Check in with yourself first. Will giving up your Saturday throw your plans or goals off-track? Can you work around them—and are you happily willing to babysit? If so, make a plan for hitting the gym and eating a Whole30 lunch around your time with the kids.
It might not seem like a big deal to say yes to these things (and put your own plans on the back burner), but these add up fast. Pretty soon, you haven’t read a page/done a workout/cooked a Whole30 meal in a week—and your resolution is out the window. Employing the pause here will also help you ingrain the next strategy more easily, and round out a solid foundation for your new healthy habits.
Strategy 2: Set yourself up to win
Your second concrete strategy is to make checking off your New Year’s resolution near-effortless, day after day. This concept, which Dr. B.J. Fogg calls ”tiny habits,” allows you to build consistency with the habit while accumulating small wins.
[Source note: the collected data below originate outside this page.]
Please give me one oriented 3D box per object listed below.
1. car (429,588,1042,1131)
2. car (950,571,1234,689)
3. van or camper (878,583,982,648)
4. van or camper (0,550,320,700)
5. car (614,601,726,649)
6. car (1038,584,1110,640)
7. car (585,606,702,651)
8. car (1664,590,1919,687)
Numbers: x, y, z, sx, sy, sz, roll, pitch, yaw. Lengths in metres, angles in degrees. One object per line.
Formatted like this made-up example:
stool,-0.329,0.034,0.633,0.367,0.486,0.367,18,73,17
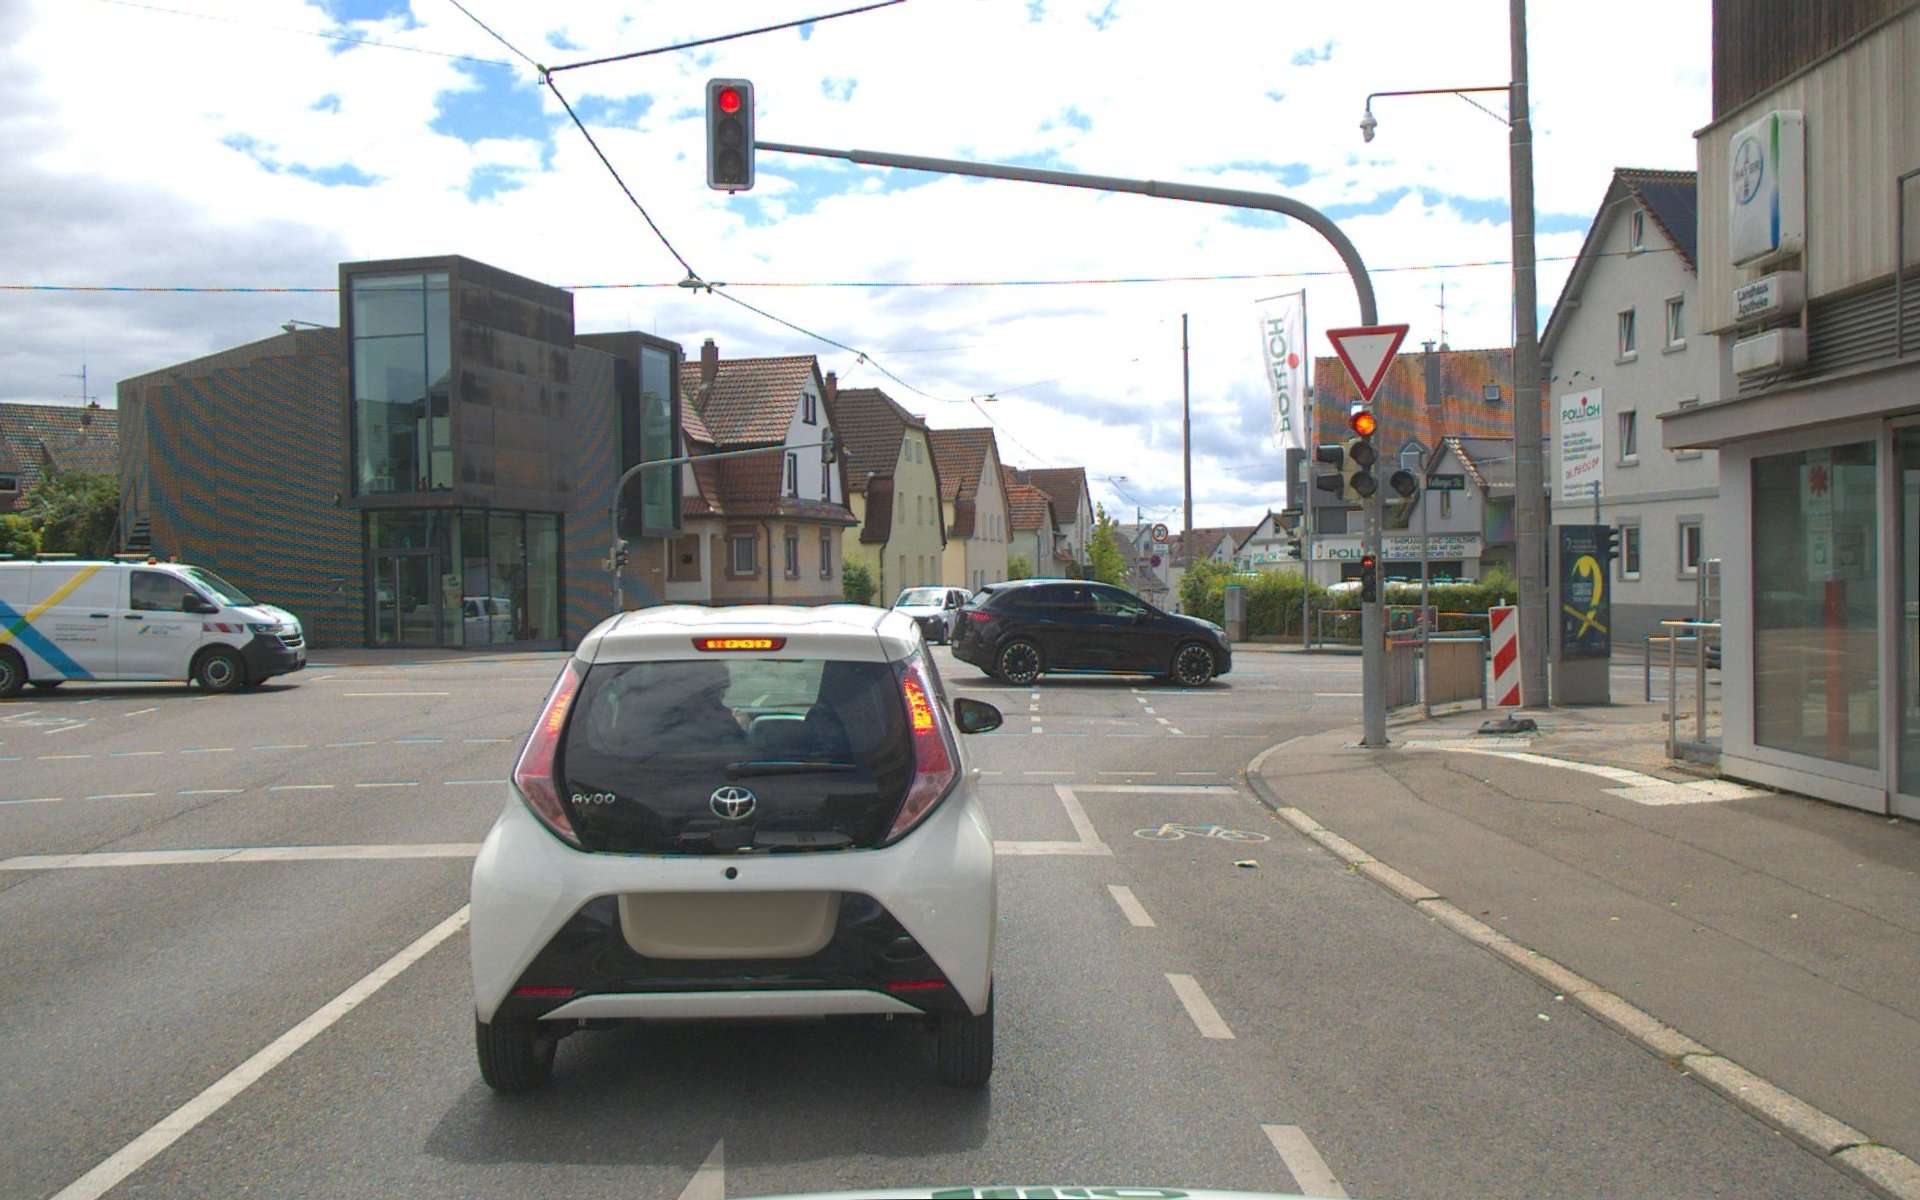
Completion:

With any new habit, consistency is key. In the beginning, it doesn’t matter how many pages you read, how far you run, or how fancy you make your Whole30 breakfast—only that you do the thing you said you were going to do consistently. Once the habit becomes ingrained, it’s much easier to do more or add to it. Here are examples of tiny wins around common New Year’s resolutions:
- Whole30: Commit to putting only Whole30 food in your mouth. That’s it! It doesn’t have to be a recipe and you can eat the same meal three days in a row. If it’s Whole30, go ahead and eat it.
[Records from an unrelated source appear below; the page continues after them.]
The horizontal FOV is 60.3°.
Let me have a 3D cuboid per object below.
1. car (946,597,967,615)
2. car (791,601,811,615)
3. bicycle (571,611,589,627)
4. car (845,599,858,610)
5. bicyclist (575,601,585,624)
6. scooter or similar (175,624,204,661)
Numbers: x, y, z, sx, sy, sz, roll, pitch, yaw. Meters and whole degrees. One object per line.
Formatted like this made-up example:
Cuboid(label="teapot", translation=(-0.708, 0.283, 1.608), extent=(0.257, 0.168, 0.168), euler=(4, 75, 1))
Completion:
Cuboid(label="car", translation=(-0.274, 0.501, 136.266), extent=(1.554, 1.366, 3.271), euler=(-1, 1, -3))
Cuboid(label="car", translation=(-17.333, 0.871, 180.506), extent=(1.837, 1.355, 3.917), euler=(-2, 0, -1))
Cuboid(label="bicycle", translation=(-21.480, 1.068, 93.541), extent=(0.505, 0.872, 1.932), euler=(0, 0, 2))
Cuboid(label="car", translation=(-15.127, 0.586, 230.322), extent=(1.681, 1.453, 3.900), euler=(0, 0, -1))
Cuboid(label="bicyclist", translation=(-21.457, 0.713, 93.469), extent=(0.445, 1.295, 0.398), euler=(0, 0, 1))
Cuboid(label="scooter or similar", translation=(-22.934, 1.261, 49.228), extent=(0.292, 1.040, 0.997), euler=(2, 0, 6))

- Boundaries: Check in with yourself once a day to ask, “What do I need, how do I feel, what would make me feel comfortable?” Even if you don’t act on those needs, you’ve accomplished your goal.
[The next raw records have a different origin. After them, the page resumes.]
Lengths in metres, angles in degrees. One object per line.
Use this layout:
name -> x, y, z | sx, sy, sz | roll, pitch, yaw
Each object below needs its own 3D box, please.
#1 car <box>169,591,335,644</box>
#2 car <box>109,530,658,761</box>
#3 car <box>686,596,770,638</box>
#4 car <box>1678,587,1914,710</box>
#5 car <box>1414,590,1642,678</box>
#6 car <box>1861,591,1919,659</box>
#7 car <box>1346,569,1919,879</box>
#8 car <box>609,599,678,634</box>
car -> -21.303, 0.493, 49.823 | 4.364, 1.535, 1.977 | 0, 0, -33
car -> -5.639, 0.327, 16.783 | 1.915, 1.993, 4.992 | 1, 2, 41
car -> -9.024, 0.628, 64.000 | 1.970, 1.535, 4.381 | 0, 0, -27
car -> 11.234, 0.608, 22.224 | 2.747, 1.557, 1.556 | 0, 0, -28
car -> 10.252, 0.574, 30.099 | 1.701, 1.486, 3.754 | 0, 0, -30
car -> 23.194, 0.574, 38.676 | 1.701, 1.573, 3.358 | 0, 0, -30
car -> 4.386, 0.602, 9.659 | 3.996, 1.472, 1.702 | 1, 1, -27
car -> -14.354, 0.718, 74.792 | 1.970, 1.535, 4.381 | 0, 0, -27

- Reading: Commit to reading one paragraph a day or listening for two minutes while you brush your teeth. That’s all you need to be a daily reader!
- Exercising: Commit to two minutes of movement a day. Maybe it’s climbing up and down your stairs, walking up and down your driveway, or doing sets of 10 squats throughout the day. Congrats, you moved your body!
- Journaling: Commit to writing one sentence a day. Even if it’s, “I don’t know what to write today.” One sentence means success!
There’s a trick here, though—can you see it? If you’re committing to these tiny wins, you will need to plan and prepare for them. What will you eat for your next Whole30 lunch—do you have food, or will you need to shop? When will you check in with yourself—as part of your morning routine, at lunch, or before bed? When and where will you read, exercise, or journal? Tying it to an existing habit (like listening to a book when you brush your teeth, doing lunch prep while you watch Netflix after dinner, or doing 10 squats every time you go to the bathroom) is an easy way to keep it consistent.
Bonus Tip: Create boundaries that stick. Protecting your time and energy is key to Whole30 success. The Book of Boundaries offers practical scripts and strategies to help you say no with confidence and keep your resolutions on track.
Putting it together
It seems like eating leftovers for lunch, reading one paragraph, or doing two minutes of walking up and down stairs isn’t going to be enough to get you to your health goal. But often, resolutions fail because our goals are too grand, too demanding, or too numerous. If it’s your first Whole30, planning to cook a different recipe for every meal is setting yourself up for exhaustion, frustration, and failure. A list that’s a mile long (I’m going to read and work out and do the Whole30) burns you out even faster.
Instead, make the habit itself the goal. Create a habit of reaching for Whole30 foods. Create the habit of carving out two minutes for movement. Create the habit of always having a book nearby. Then, practice holding onto the time, space, and energy to uphold those tiny habits by employing a pause, checking in with ourselves, and holding our boundaries. If you can make this happen consistently, trust me—the rest will follow.
Habits don’t change overnight, especially when they’re uncomfortable. But these two concrete actions can help you create the foundation of your new year’s goals, and offer you a specific plan to help you truly succeed with your January Whole30 and other New Year’s resolutions.